Each day leading up to the March 10 announcement of the 2010 NBCC award winners, Critical Mass highlights one of the thirty-one finalists (to read other entries in the series, click here). Today, NBCC board member Eric Banks discusses autobiography finalist Christopher Hitchens's Hitch-22: A Memoir (Twelve).
Reading the boisterous memoir Hitch-22, one can glean lessons both practical and profound that Christopher Hitchens learned from the very many people whose paths crossed his throughout his outsize life. From his future nemesis Bill Clinton, whom he knew slightly at Oxford, he discovered that if you could give a good speech or “cut any sort of figure on a podium, then you need never dine or sleep alone.” From Gore Vidal, just one of a small battalion of erstwhile comrades whose closeness evaporated with the invasion of Iraq, came the sapient advice that “one should never miss a chance either to have sex or to appear on television.” But the life lesson that was undoubtedly of the most value to Hitchens was dispensed not by a titan of print or public life but by his mother, Yvonne. “ ‘The one unforgivable sin,’ she used to say, ‘is to be boring.’ ”
It’s hard to imagine on the proof of Hitch-22, the vivacious, rambunctious tour of one of the more fascinating lives any writer has led over the last six decades, that Hitchens ever even entertained committing that particular transgression. Were the book simply a point-to-point navigation of the author’s political and social itinerary since he launched his career as a journalist-cum-polemicist in the early 1970s, it would be a compelling story. But Hitchens isn’t, of course, a mere chronicler, and Hitch-22 is no less appealing as a primer of brilliant literary style than as a record of high-altitude political wayfaring.
Style or politics, politics or style? Early on in his memoir, Hitchens establishes the double set of ledgers he’s long maintained, one column labeled “Christopher,” the other, “Chris.” At university, Chris is the soixante-huitard firebrand who racks up protest-related arrests and finds the fuse of his early militancy lit up by the then exotic-seeming word “Vietnam.” Chris is an unlikely bedfellow of Christopher, the rakish social beast who relishes living large and living well, whose admission ticket to the high table of louche old donnish queens is punched with a combination of wit, charm, and all-around bonhomie.

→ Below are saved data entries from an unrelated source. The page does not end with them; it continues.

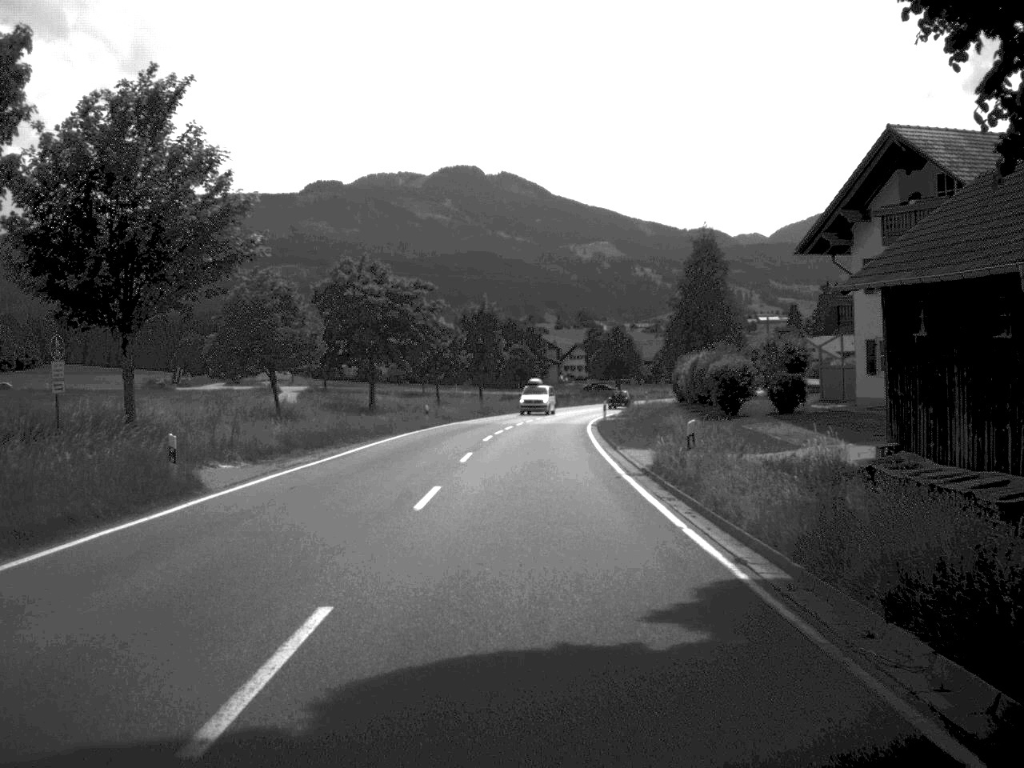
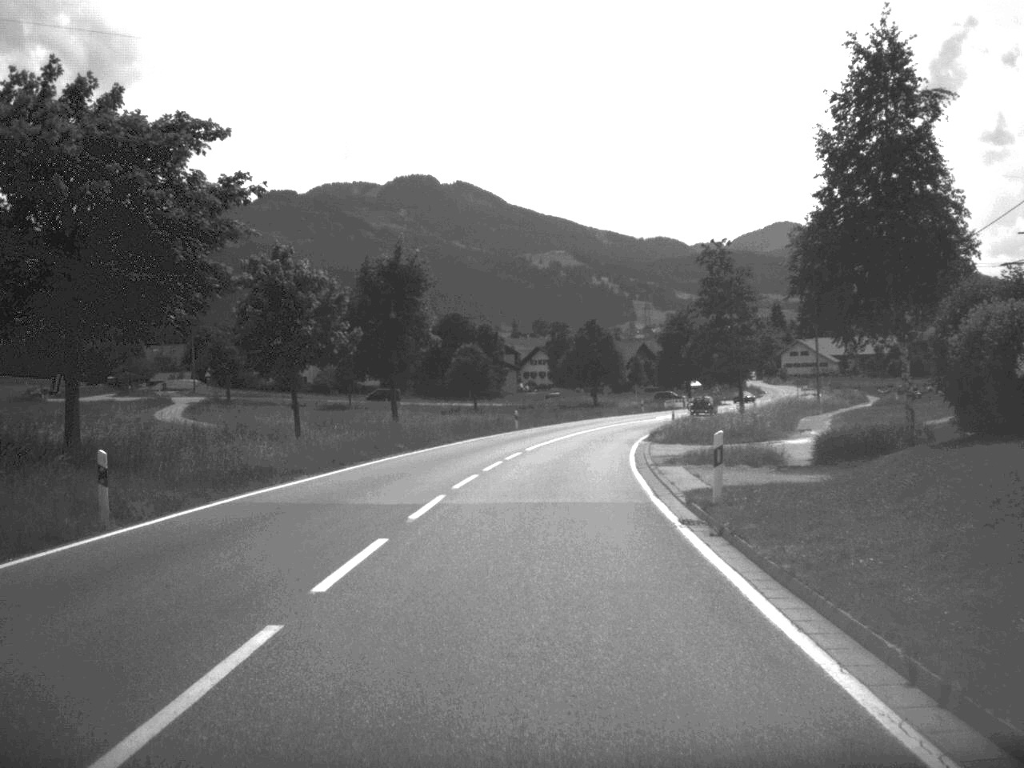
(+0.4, +42.1) m; +2°
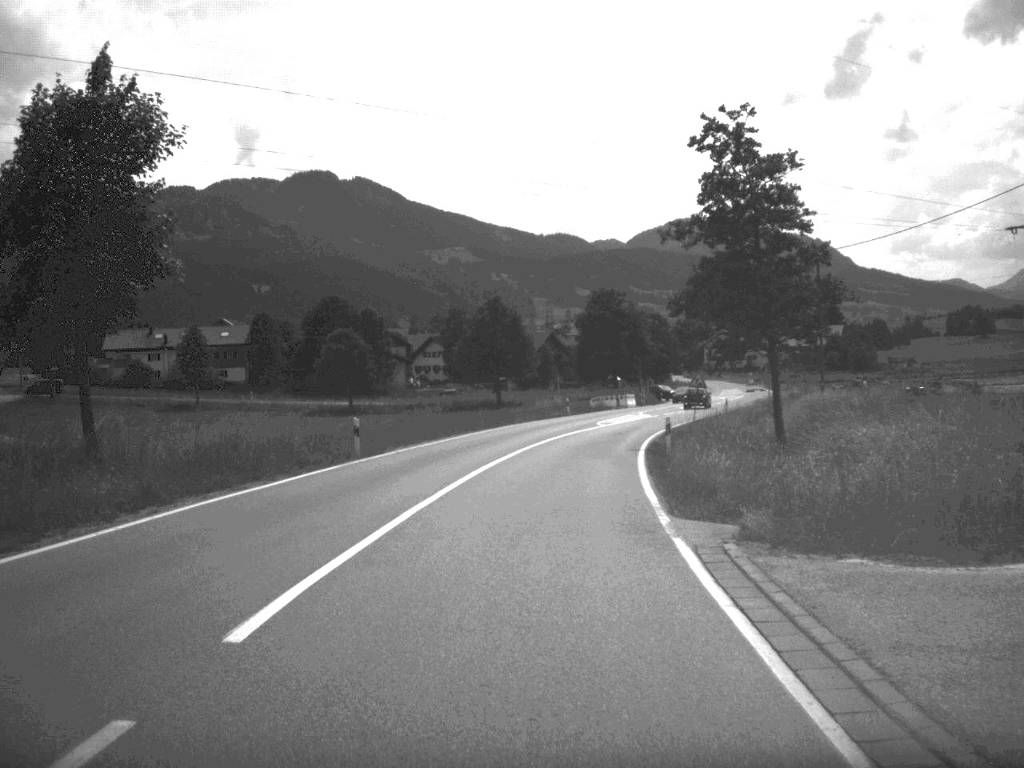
(+1.2, +31.6) m; +4°
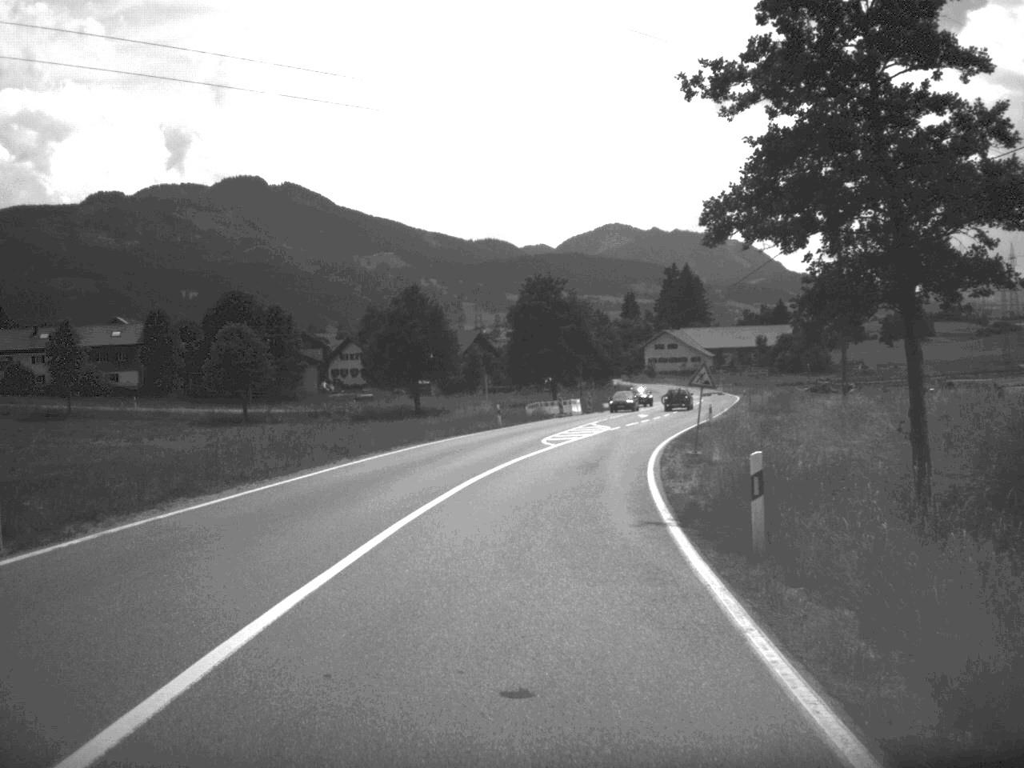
(+0.5, +19.4) m; +3°
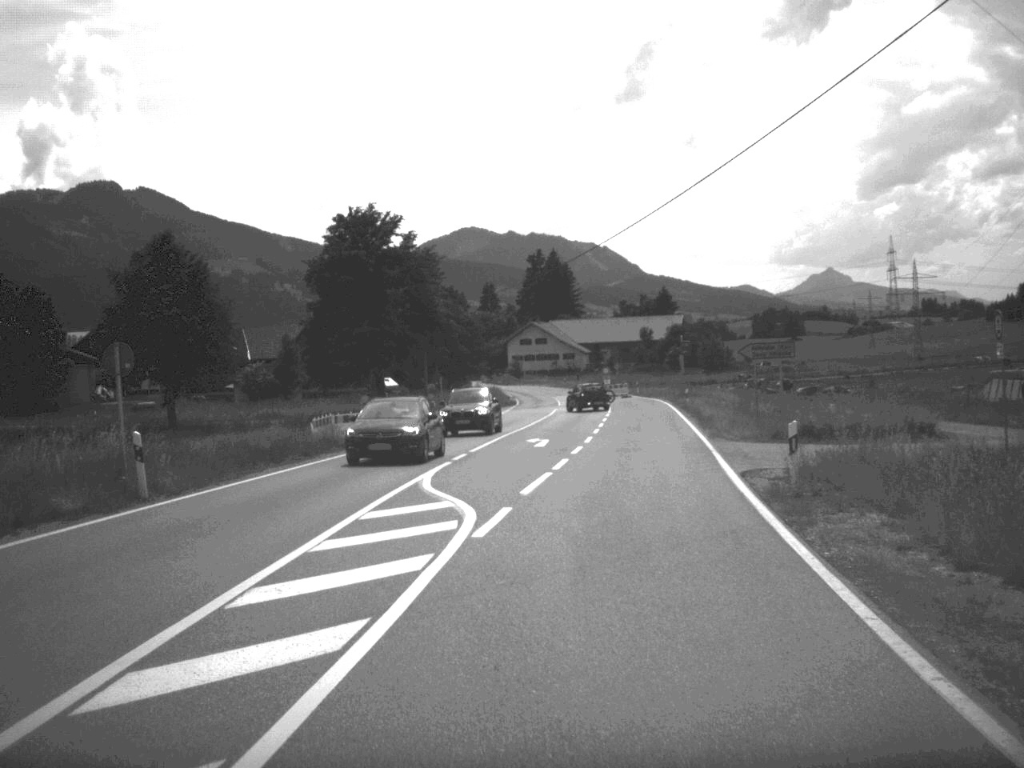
(+2.4, +40.0) m; +6°
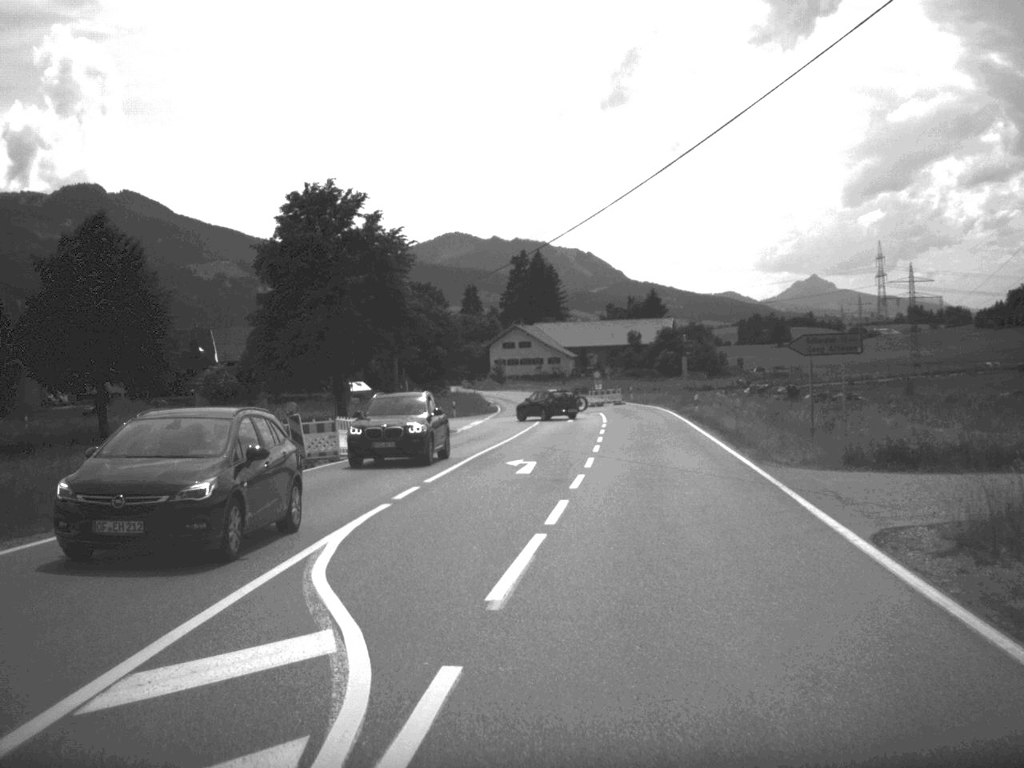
(+0.1, +9.5) m; +1°
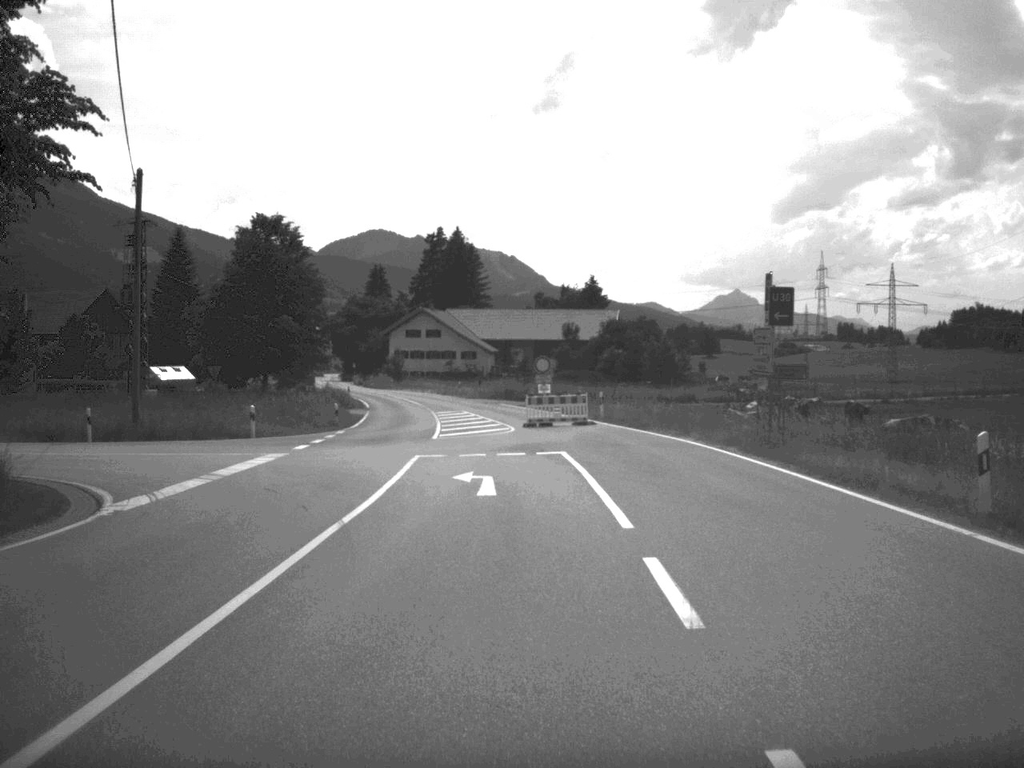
(+1.3, +41.5) m; +4°

The particular dualism of Chris vs. Christopher seems rooted in Hitchens’s tragically mismatched parents. His father was a brave and taciturn veteran of the British navy who seemed to have lost his way in the UK that emerged after World War II. Where The Commander offered a model of stiff dignity (and for young Hitchens an emblem of the disquiet produced by repressed grievances), the author’s adored mother provided a picture of exotic beauty and the yearning for a life more exciting than she grew up knowing. (She saw to it that Hitchens would not miss out on the educational opportunities that made it possible for him to enter a world that was barred to her. If there was to be an upper crust in England, he recalls her saying, then Christopher would damn well be part of it.) She eventually left Hitchens’s father for an unbalanced former clergyman, with whom she committed suicide in Greece in late 1973.
Hitchens’s poignant portrait of Yvonne and The Commander comprises some of the most fascinating chapters in Hitch-22, as does his belated discovery a decade and a half after her death of her (and hence his own) Jewish ancestry. He’s written about this moment of “recalibration” previously, as he has done as well with many of the friends he portrays here (James Fenton, Martin Amis, Salman Rushdie) and the pivotal moments in his political evolution. For a writer who has lived such a public life and committed so many thousands of words to publications, from the New Statesman to Vanity Fair, the risk of a book like Hitch-22 is that the best stuff may seem old hat. But one of the many pleasures in reading this toothsome memoir is the intimate freshness of Hitchens’s voice. I suspect that many on the anti-war left will simply never forgive Hitchens for his voluble support in favor of the invasion of Iraq, but his own account of his thinking (and writing) on more than thirty years of Iraqi politics is difficult to put down.“The ways in which the conclusion is arrived at may be interesting, … just as it is how people think that counts for much more than what they think.” Hitch-22 shirks neither side of this apparent distinction, neither in its account of Iraq nor in telling of other places (Belfast, Buenos Aires, Sarajevo) crucial to Hitchens’s political biography. It’s his unique achievement in Hitch-22 to wrap those reflections around tributes to the value of friendship that can be howlingly funny. Hitch-22 never loses track of either—it’s a serious reflection on the joy of a mind at work and at play.